SUPPLIED ENTRIES:
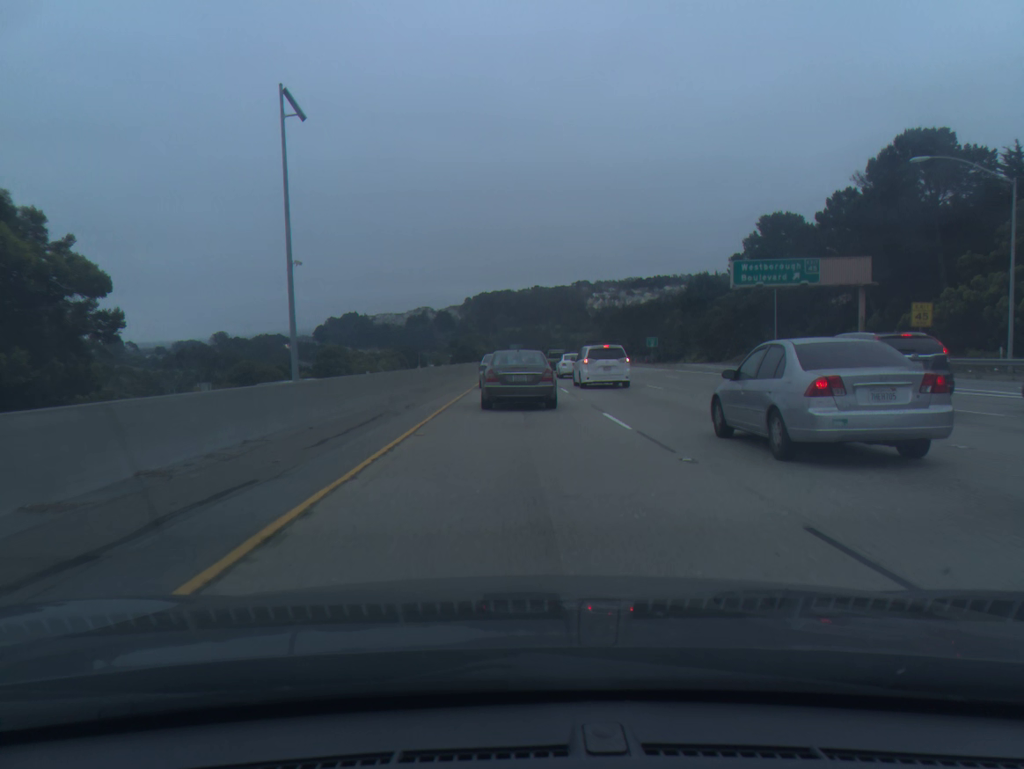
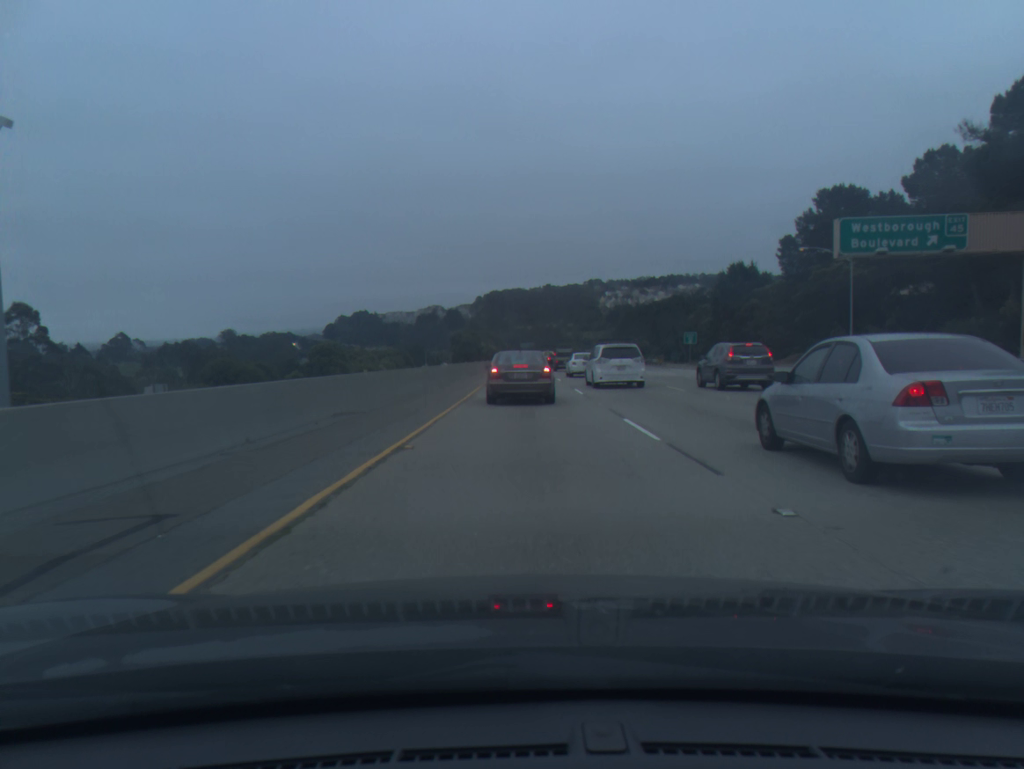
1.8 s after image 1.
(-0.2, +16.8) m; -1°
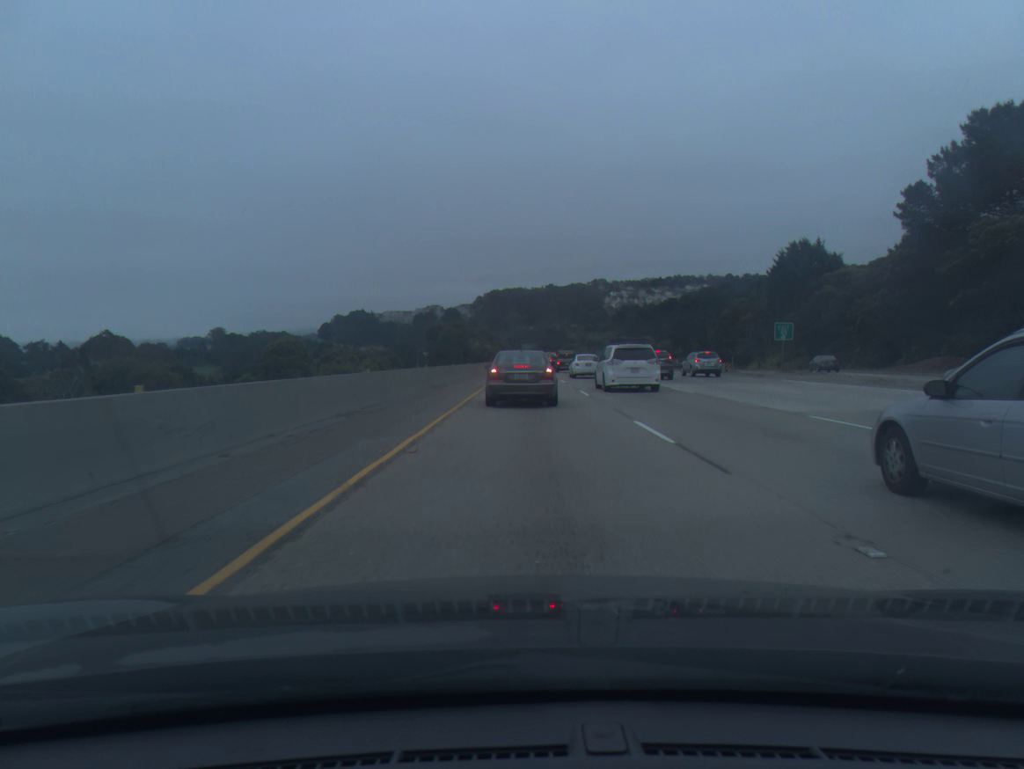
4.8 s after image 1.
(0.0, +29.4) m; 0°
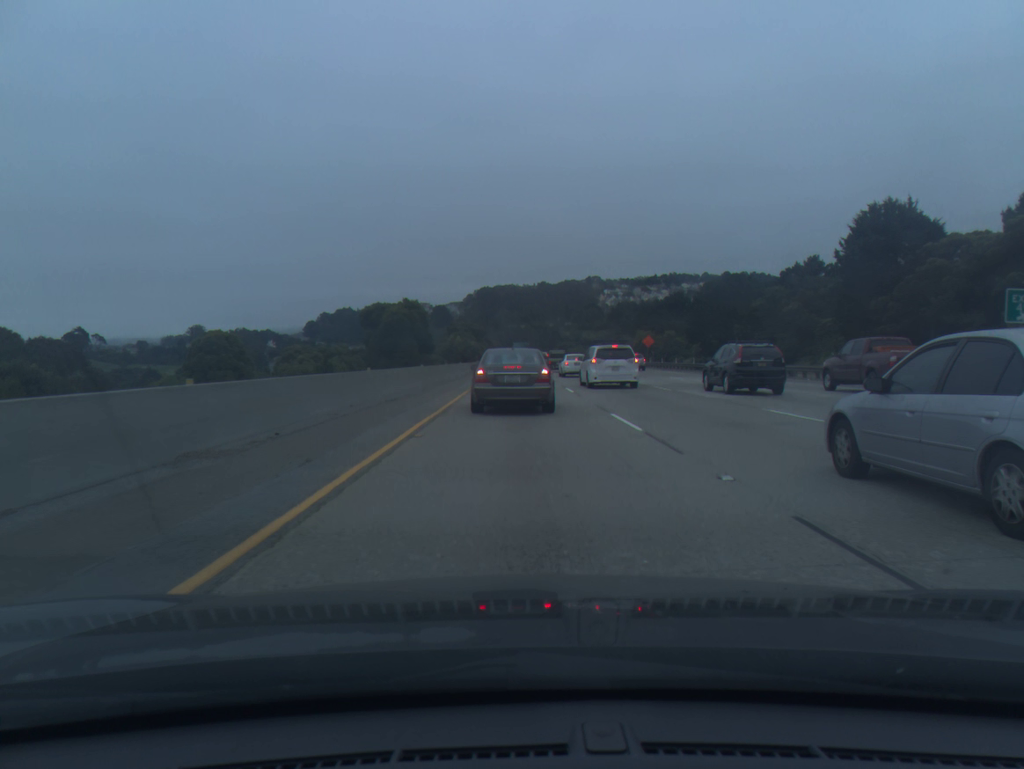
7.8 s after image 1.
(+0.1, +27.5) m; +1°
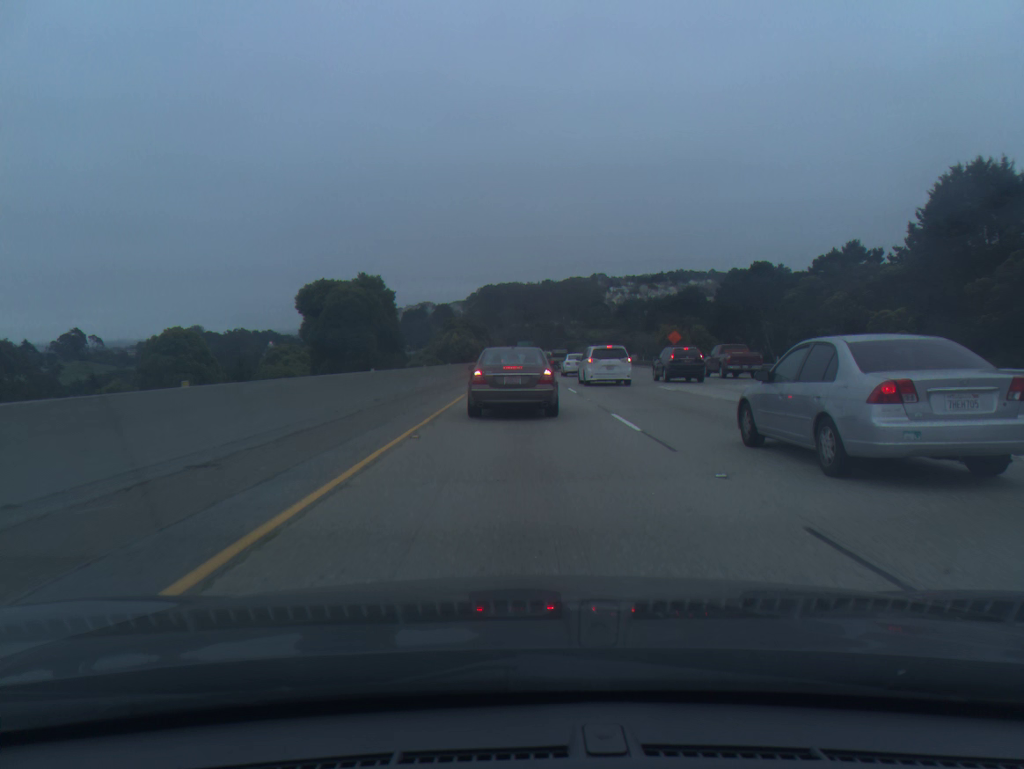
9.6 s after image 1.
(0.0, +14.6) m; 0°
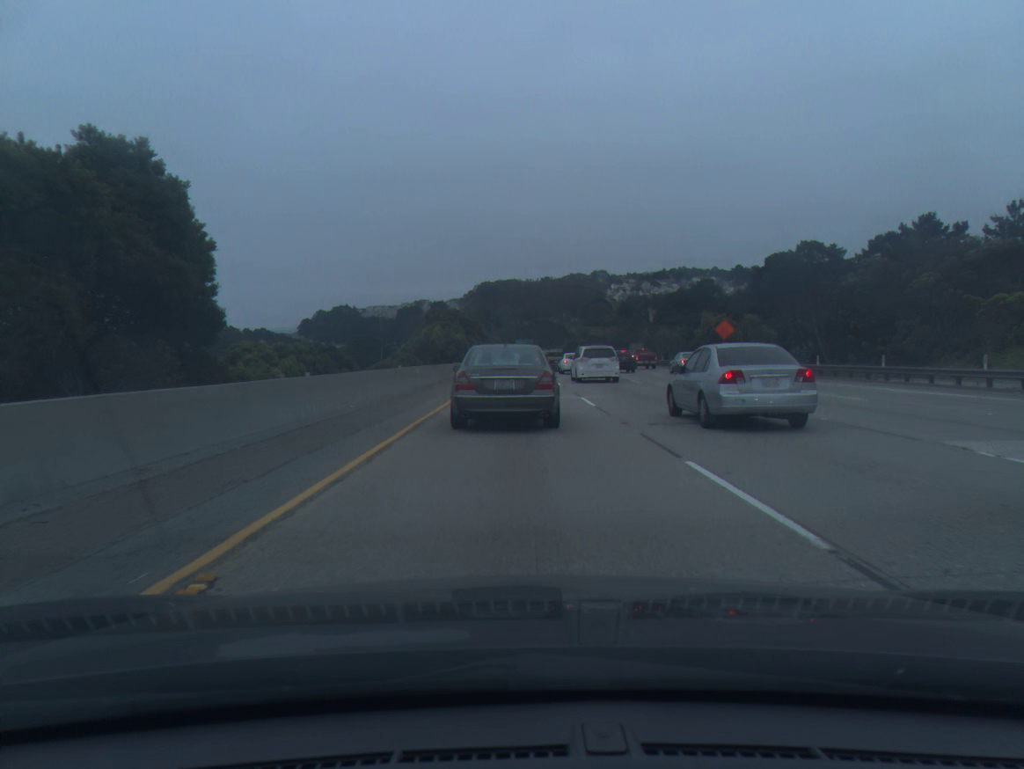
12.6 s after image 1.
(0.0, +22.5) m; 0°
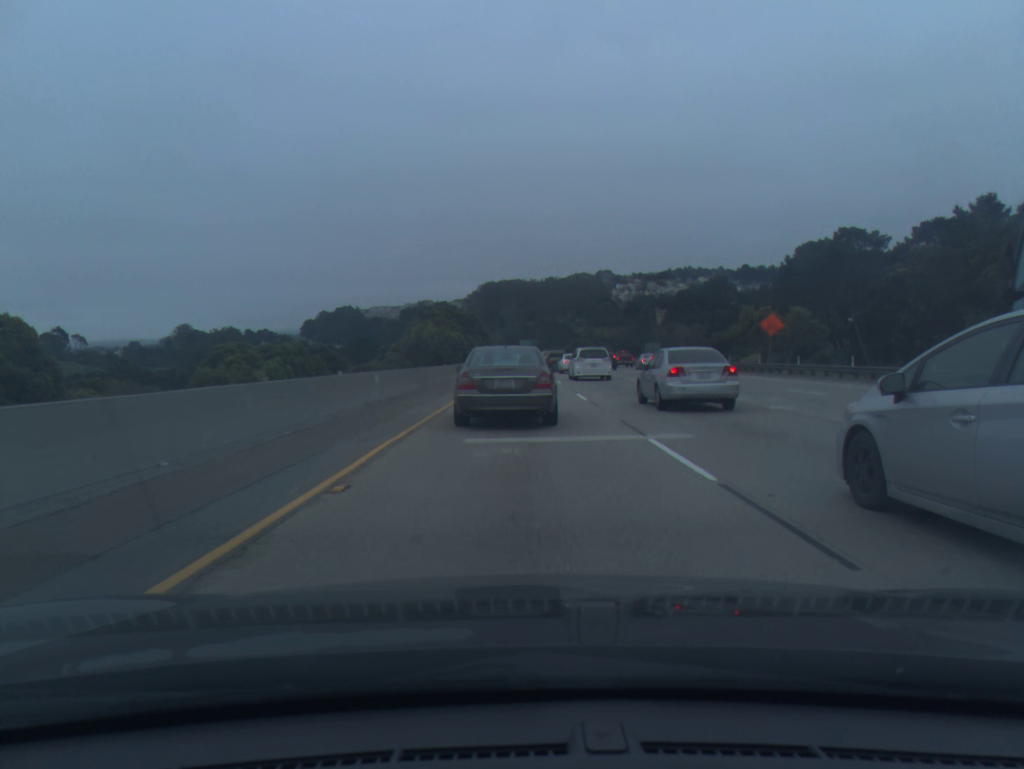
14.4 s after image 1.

TASK DESCRIPTION:
Skipping any pictures, copy the line that holds "9.6 s after image 1." and each line after it through the last line of the records, unchanged, and no other lines.

ANSWER TO THIS PROBLEM:
9.6 s after image 1.
(0.0, +14.6) m; 0°
12.6 s after image 1.
(0.0, +22.5) m; 0°
14.4 s after image 1.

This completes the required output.